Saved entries
+++

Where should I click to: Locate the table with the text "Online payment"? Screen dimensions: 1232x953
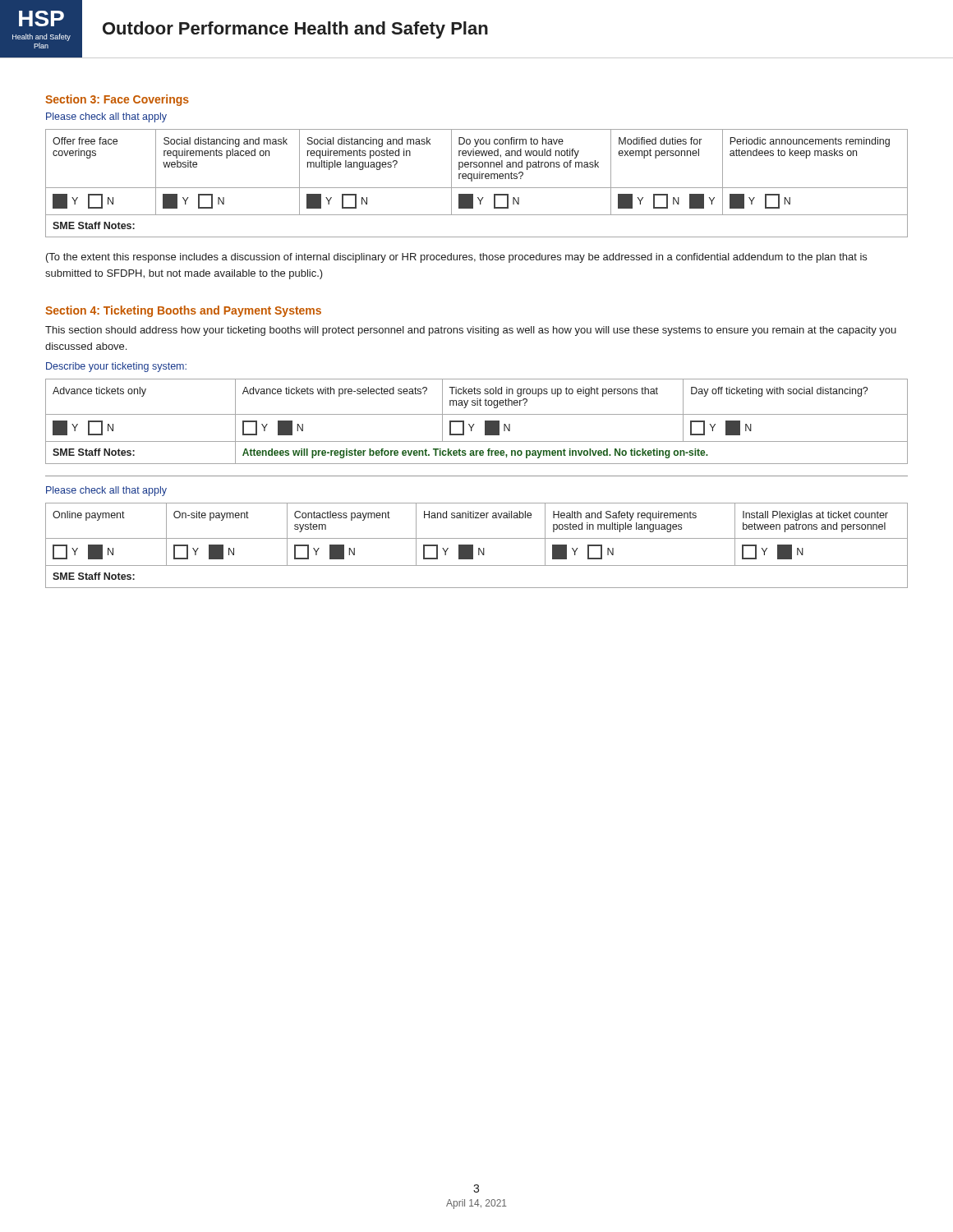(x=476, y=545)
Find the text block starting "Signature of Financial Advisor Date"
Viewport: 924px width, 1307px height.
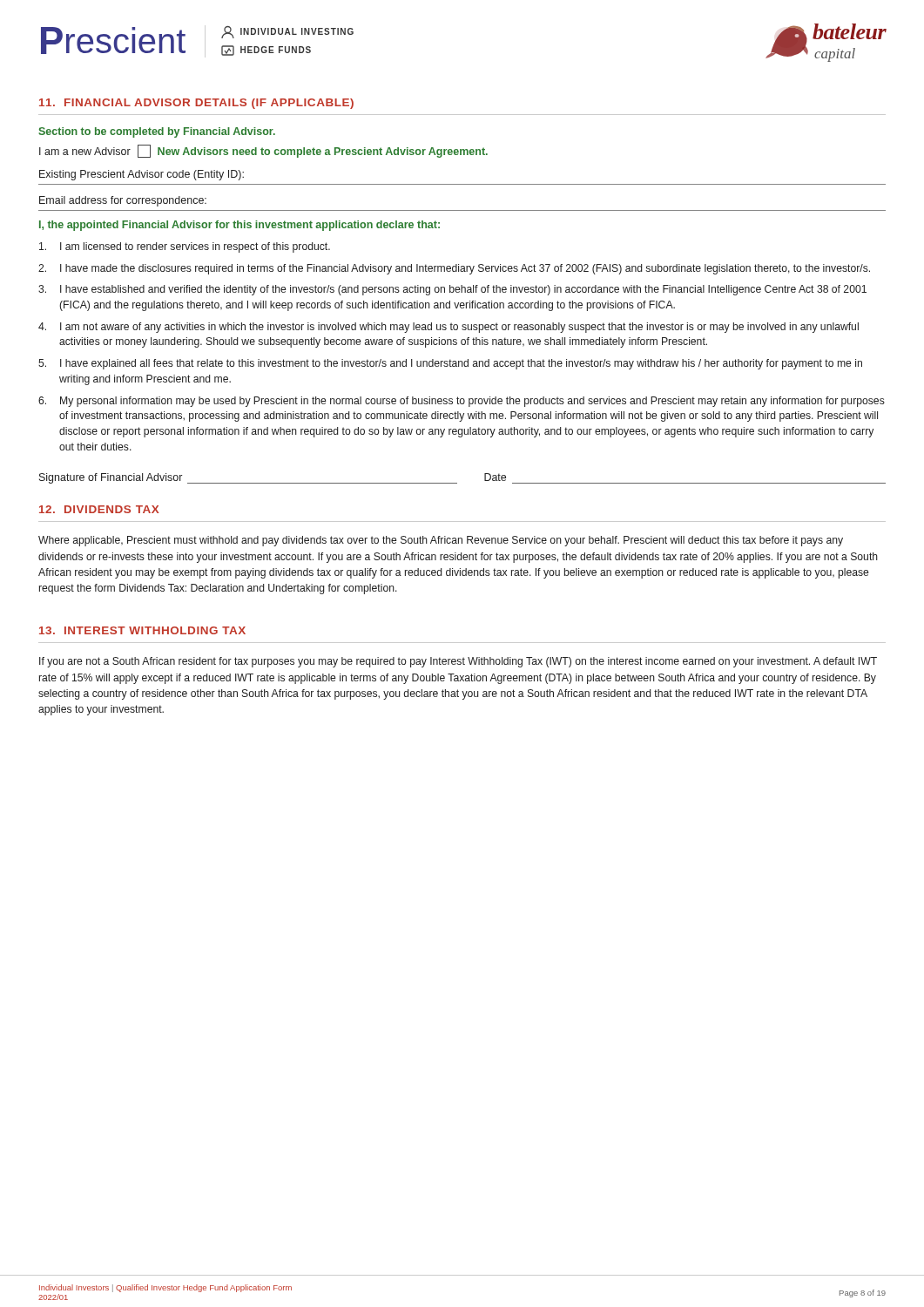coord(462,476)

+++

# [Problem requirements]
All the records need to be set down word for word, with the images left out.

# [Expected answer]
Where should I click to: Locate the table with the text "Online payment"? Screen dimensions: 1232x953
(x=476, y=545)
Find the text block starting "Signature of Financial Advisor Date"
Viewport: 924px width, 1307px height.
coord(462,476)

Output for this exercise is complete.